Now there is a compiled, faster condense.tlo.

If txr condense is used (no suffix), it will choose the .tlo over .tl.

The trick used in this code is to generate a regular expression which matches the word suffixes. This is done by taking the list of words from the file like ("ed" "ing" "s") and tacking on the or symbol with cons to produce (or "ed" "ing" "s"). This expression is the abstract syntax for the regular expression ed|ing|s; we just hand that off to regex-compile to produce the compiled regex object. No escaping is required because the string terms in the abstract syntax denote fixed, literal matches.

4
On
$ awk 'NR==FNR {a[$1]; next} 
               {for(k in a) {
                  i=length($1)-length(k); 
                  if(substr($1,i+1)==k) {
                     w=substr($1,1,i); 
                     b[w]=b[w] sep[w] k; 
                     sep[w]=","}}} 
       END     {for(k in b) print k"/"b[k]}' exclude corpus

work/ed,ing,s
test/ed,s
2
On

This might work for you (GNU sed):

sed 's#.*#s@\\B&$@/&@p#' file1 |
sed -nf - file2 |
sed -E ':a;N;s#(.*)(/.*)\n\1/#\1\2,#;ta;P;D'

The first sed invocation builds a sed script that inserts a / between words in an input file that match the desired word endings.
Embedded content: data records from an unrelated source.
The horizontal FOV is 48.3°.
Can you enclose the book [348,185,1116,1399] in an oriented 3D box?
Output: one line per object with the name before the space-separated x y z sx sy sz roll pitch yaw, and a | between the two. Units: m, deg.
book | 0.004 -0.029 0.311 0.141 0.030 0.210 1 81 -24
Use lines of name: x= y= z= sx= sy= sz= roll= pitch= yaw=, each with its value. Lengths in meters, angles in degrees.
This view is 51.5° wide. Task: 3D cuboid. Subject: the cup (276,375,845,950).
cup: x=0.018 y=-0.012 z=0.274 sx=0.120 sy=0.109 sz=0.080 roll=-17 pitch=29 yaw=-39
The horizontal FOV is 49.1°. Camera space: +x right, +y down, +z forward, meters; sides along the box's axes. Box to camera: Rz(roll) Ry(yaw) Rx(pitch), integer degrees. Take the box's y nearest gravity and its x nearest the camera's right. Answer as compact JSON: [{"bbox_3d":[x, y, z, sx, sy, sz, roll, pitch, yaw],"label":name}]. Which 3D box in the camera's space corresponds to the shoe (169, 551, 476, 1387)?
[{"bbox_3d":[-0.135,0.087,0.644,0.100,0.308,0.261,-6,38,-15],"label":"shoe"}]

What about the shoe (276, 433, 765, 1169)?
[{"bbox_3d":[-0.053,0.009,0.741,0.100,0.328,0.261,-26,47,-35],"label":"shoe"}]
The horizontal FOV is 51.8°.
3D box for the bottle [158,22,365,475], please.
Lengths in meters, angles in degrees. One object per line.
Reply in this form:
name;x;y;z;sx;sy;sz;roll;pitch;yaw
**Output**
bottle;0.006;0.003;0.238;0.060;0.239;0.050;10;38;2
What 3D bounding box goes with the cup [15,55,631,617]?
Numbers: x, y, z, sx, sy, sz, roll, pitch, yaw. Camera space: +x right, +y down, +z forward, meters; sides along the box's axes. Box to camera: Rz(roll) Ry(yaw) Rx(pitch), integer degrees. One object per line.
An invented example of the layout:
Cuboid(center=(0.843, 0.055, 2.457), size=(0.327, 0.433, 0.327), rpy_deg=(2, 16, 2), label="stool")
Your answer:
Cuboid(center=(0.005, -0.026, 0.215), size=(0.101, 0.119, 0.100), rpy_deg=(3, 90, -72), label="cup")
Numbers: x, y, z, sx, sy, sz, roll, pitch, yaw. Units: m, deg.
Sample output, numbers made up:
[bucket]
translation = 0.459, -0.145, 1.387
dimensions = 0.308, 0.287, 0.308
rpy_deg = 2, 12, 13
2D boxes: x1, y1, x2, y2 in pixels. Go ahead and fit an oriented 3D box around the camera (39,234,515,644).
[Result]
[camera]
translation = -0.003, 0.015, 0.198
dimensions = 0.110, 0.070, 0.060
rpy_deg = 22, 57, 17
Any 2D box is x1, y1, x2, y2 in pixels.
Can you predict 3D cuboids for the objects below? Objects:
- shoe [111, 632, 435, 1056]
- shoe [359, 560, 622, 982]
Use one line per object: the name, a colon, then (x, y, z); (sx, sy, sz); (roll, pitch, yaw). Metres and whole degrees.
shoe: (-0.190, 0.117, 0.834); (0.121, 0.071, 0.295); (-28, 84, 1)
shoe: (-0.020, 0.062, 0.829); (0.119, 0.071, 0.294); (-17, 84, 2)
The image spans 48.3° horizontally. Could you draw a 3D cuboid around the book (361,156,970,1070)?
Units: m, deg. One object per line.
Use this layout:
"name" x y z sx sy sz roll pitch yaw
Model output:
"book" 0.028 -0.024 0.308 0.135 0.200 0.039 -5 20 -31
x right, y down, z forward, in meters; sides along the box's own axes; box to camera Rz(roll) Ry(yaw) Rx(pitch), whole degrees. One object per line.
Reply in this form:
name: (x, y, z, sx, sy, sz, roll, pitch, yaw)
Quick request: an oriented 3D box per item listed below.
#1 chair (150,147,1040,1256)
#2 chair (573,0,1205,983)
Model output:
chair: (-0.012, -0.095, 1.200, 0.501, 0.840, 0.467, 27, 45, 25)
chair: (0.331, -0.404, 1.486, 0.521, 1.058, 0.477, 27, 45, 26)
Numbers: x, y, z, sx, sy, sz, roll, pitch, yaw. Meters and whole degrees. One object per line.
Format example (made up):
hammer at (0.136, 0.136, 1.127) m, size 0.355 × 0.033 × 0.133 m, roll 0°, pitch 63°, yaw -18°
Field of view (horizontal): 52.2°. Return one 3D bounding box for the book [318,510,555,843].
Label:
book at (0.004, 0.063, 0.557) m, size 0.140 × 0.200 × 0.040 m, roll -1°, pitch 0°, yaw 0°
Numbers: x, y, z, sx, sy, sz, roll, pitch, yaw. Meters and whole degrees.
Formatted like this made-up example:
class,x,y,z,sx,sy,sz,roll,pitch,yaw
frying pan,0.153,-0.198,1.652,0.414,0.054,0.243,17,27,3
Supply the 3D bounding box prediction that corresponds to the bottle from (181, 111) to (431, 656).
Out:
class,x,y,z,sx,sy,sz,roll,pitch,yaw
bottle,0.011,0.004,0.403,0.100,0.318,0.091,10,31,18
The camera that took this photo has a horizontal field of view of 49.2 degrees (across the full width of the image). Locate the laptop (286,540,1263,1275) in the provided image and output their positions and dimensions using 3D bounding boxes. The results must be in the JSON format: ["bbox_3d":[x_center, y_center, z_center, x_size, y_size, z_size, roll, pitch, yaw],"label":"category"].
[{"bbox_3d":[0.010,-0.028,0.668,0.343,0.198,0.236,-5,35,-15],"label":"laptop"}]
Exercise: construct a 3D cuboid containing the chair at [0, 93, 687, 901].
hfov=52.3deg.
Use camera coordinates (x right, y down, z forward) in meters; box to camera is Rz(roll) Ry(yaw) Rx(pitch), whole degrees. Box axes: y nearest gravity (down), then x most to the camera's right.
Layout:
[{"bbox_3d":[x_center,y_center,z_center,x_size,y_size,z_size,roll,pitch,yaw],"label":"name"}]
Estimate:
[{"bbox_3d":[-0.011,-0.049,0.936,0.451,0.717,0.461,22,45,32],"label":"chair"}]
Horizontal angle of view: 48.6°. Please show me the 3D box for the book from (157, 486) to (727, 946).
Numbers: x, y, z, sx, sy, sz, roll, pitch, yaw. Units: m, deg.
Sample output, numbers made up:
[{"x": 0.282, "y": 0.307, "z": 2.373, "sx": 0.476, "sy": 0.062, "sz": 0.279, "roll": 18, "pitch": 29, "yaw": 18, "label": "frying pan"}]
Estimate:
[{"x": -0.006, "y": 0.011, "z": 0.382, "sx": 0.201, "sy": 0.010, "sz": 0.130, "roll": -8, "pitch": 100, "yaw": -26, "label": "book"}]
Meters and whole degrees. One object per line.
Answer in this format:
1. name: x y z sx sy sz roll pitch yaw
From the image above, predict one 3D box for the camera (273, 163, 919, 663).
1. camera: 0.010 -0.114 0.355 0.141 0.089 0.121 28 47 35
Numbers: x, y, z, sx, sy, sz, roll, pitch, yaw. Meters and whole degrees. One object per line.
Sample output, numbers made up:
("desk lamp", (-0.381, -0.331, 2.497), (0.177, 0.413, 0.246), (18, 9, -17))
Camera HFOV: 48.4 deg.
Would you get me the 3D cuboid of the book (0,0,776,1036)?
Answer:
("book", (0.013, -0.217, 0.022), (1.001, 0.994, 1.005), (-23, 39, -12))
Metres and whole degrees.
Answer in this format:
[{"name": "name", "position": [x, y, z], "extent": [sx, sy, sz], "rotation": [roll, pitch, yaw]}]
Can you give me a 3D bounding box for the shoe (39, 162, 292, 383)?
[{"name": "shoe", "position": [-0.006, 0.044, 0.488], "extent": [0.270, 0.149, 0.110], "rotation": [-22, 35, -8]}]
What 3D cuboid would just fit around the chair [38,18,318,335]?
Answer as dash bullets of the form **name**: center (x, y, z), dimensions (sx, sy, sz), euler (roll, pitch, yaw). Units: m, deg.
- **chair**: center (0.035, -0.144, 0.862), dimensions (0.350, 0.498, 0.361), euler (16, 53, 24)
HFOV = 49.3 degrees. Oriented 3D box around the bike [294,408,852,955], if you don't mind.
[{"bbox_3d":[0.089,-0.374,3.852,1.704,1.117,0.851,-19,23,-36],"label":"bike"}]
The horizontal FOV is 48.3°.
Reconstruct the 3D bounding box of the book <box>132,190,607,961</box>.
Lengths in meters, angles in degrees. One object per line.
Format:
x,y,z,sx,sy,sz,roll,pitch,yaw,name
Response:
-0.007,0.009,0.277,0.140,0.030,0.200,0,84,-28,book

The second sed invocation applies the above sed script and throws away non-matches.

The third sed invocation gathers up duplicate keys (the front half of the word) and concatenates the endings with a , separator.

N.B. The solution assumes the input file2 is already sorted. If not a simply sort can be placed between the second and third sed invocations.